Biomedical Imaging Group Rotterdam, Departments of Radiology & Medical Informatics, Erasmus MC, Rotterdam, The Netherlands.
Biomedical Imaging Group Rotterdam, Departments of Radiology & Medical Informatics, Erasmus MC, Rotterdam, The Netherlands; Quantitative Imaging Group, Department of Imaging Physics, Faculty of Applied Sciences, Delft University of Technology, Delft, The Netherlands.
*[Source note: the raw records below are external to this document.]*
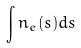<formula> <loc_0><loc_0><loc_500><loc_500>\int n _ { e } ( s ) d s</formula> 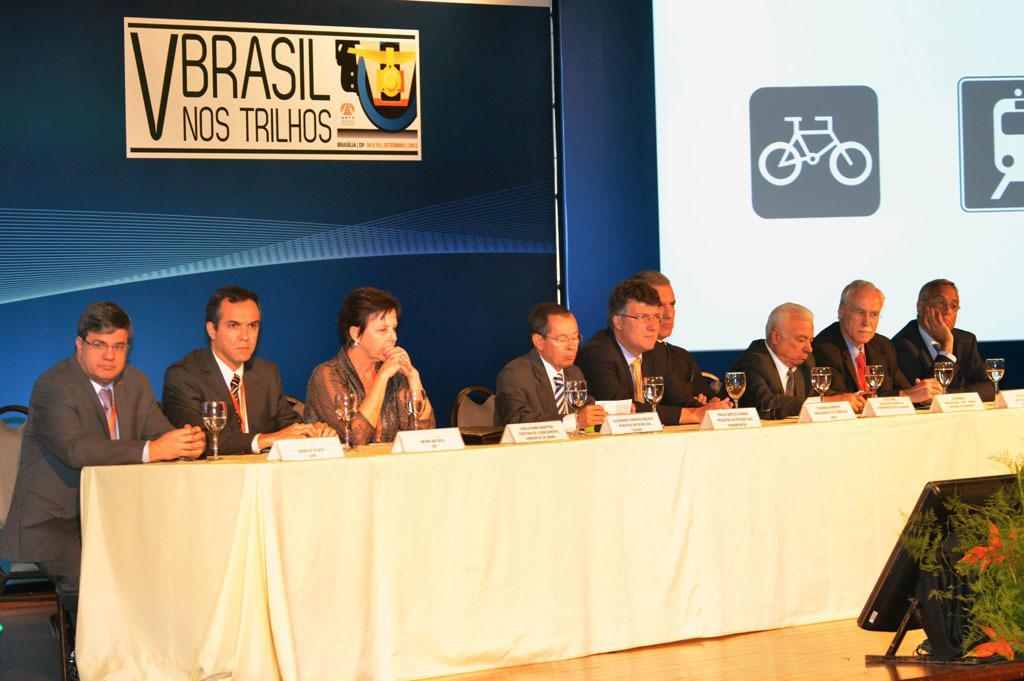In one or two sentences, can you explain what this image depicts? There are glasses and name boards are present on a table which is covered with white color cloth as we can see at the bottom of this image. There are people sitting on the chairs in the middle of this image and there is a wall in the background. We can see logos at the top of this image. 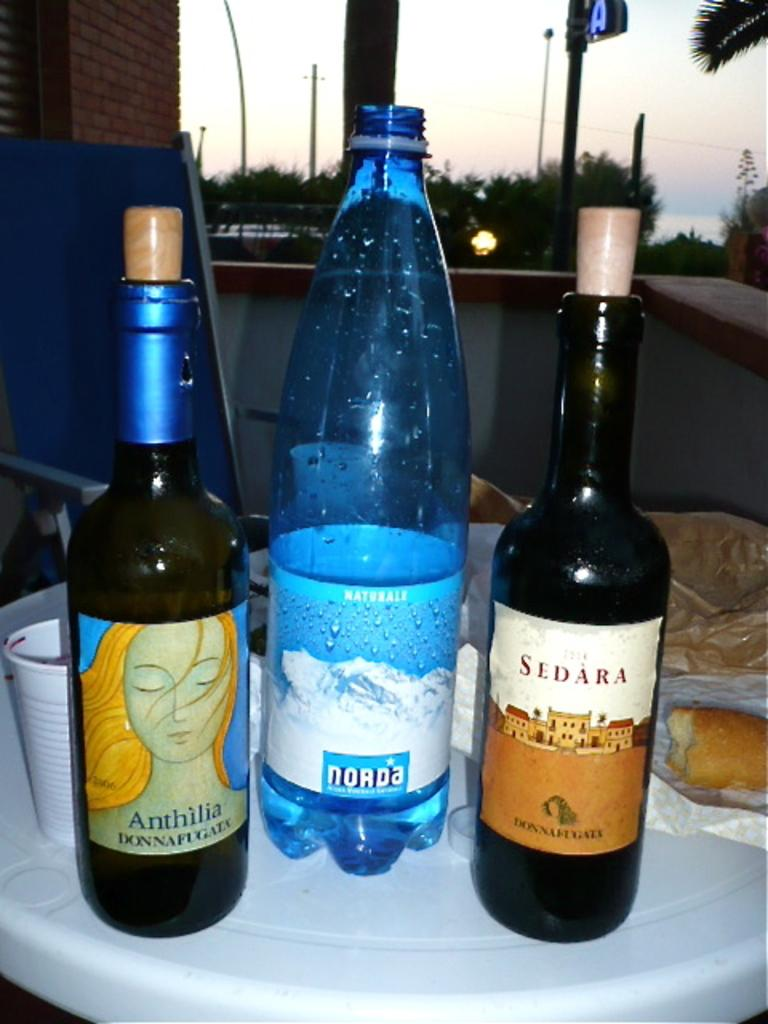<image>
Give a short and clear explanation of the subsequent image. Three bottles on a table, the one on the left bearing the word Sedara. 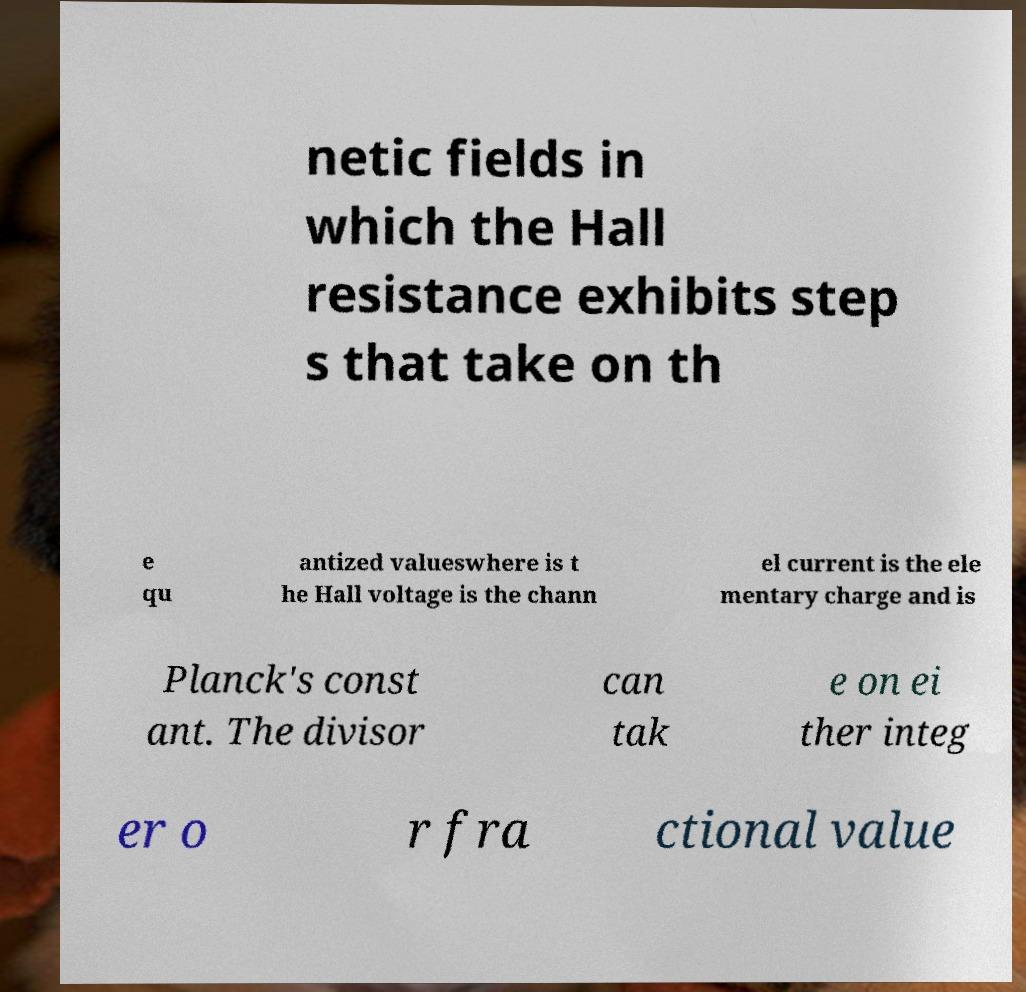Could you assist in decoding the text presented in this image and type it out clearly? netic fields in which the Hall resistance exhibits step s that take on th e qu antized valueswhere is t he Hall voltage is the chann el current is the ele mentary charge and is Planck's const ant. The divisor can tak e on ei ther integ er o r fra ctional value 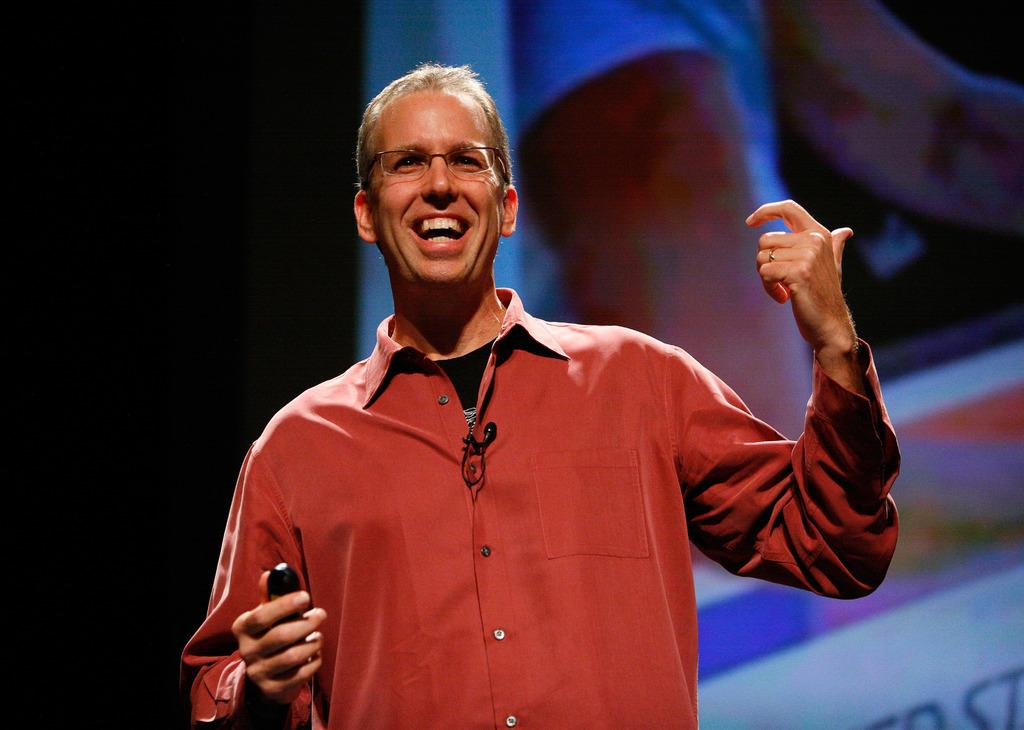What is the man in the image doing? The man is smiling in the image. What is the man holding in the image? The man is holding something in the image. Can you describe the man's appearance? The man is wearing spectacles in the image. What can be seen in the background of the image? There is a screen-like object in the background of the image. What type of ball is the man playing with in the image? There is no ball present in the image. 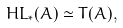Convert formula to latex. <formula><loc_0><loc_0><loc_500><loc_500>H L _ { * } ( A ) \simeq T ( A ) ,</formula> 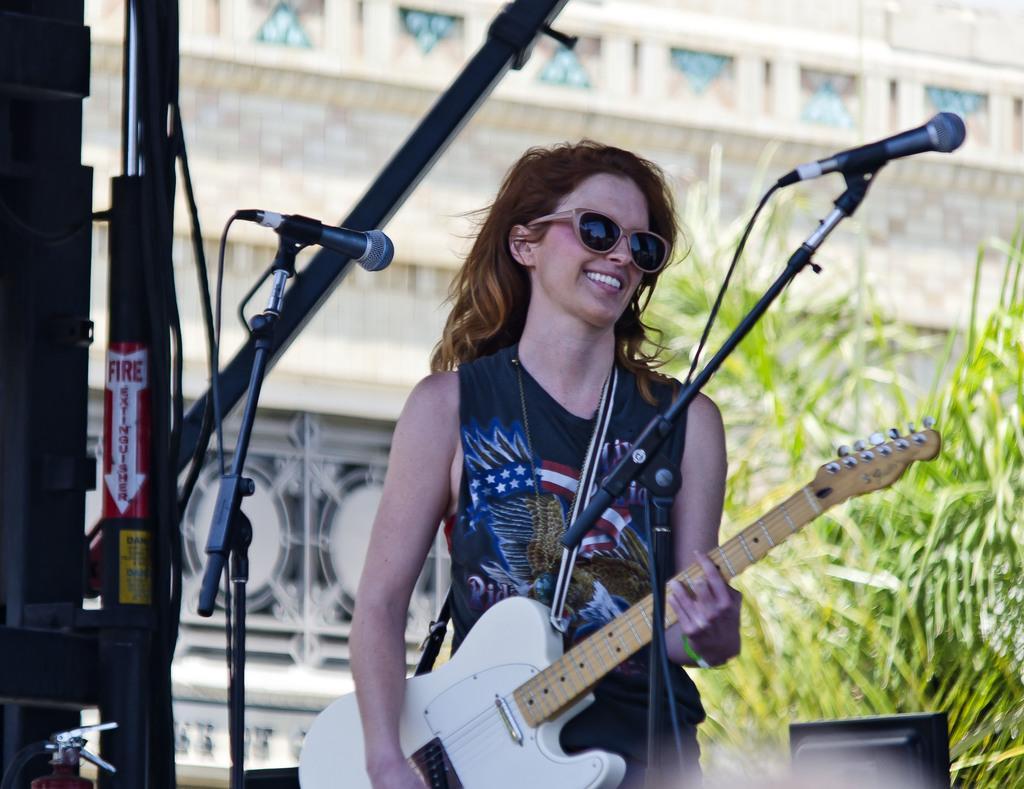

Med Image Anal. 2016 Apr;29:65-78. doi: 10.1016/j.media.2015.12.004. Epub 2015 Dec 19.
Quantitative magnetic resonance imaging (qMRI) is a technique for estimating quantitative tissue properties, such as the T1 and T2 relaxation times, apparent diffusion coefficient (ADC), and various perfusion measures. This estimation is achieved by acquiring multiple images with different acquisition parameters (or at multiple time points after injection of a contrast agent) and by fitting a qMRI signal model to the image intensities. Image registration is often necessary to compensate for misalignments due to subject motion and/or geometric distortions caused by the acquisition. However, large differences in image appearance make accurate image registration challenging. In this work, we propose a groupwise image registration method for compensating misalignment in qMRI. The groupwise formulation of the method eliminates the requirement of choosing a reference image, thus avoiding a registration bias. The method minimizes a cost function that is based on principal component analysis (PCA), exploiting the fact that intensity changes in qMRI can be described by a low-dimensional signal model, but not requiring knowledge on the specific acquisition model. The method was evaluated on 4D CT data of the lungs, and both real and synthetic images of five different qMRI applications: T1 mapping in a porcine heart, combined T1 and T2 mapping in carotid arteries, ADC mapping in the abdomen, diffusion tensor mapping in the brain, and dynamic contrast-enhanced mapping in the abdomen. Each application is based on a different acquisition model. The method is compared to a mutual information-based pairwise registration method and four other state-of-the-art groupwise registration methods. Registration accuracy is evaluated in terms of the precision of the estimated qMRI parameters, overlap of segmented structures, distance between corresponding landmarks, and smoothness of the deformation. In all qMRI applications the proposed method performed better than or equally well as competing methods, while avoiding the need to choose a reference image. It is also shown that the results of the conventional pairwise approach do depend on the choice of this reference image. We therefore conclude that our groupwise registration method with a similarity measure based on PCA is the preferred technique for compensating misalignments in qMRI.
定量磁共振成像(qMRI)是一种用于估计定量组织特性的技术,例如 T1 和 T2 弛豫时间、表观扩散系数(ADC)和各种灌注测量值。这种估计是通过获取具有不同采集参数的多个图像(或在注射对比剂后的多个时间点)并将 qMRI 信号模型拟合到图像强度来实现的。由于受试者运动和/或采集引起的几何变形,图像配准通常是必要的,以补偿配准的不准确性。然而,图像外观的巨大差异使得准确的图像配准具有挑战性。在这项工作中,我们提出了一种用于补偿 qMRI 中配准不准确的分组图像配准方法。该方法的分组公式消除了选择参考图像的要求,从而避免了配准偏差。该方法最小化基于主成分分析(PCA)的代价函数,利用 qMRI 中的强度变化可以用低维信号模型来描述的事实,但不需要了解特定的采集模型。该方法在 4D CT 肺部数据上进行了评估,并在五个不同 qMRI 应用的真实和合成图像上进行了评估:猪心的 T1 映射、颈动脉的 T1 和 T2 联合映射、腹部的 ADC 映射、大脑的扩散张量映射以及腹部的动态对比增强映射。每个应用都基于不同的采集模型。该方法与基于互信息的成对配准方法和其他四种最先进的分组配准方法进行了比较。通过估计的 qMRI 参数的精度、分割结构的重叠、对应地标之间的距离和变形的平滑度来评估配准精度。在所有 qMRI 应用中,所提出的方法的性能均优于或等同于竞争方法,同时避免了选择参考图像的需要。还表明,传统的成对方法的结果确实取决于此参考图像的选择。因此,我们得出结论,基于 PCA 的相似性度量的分组配准方法是补偿 qMRI 中配准不准确的首选技术。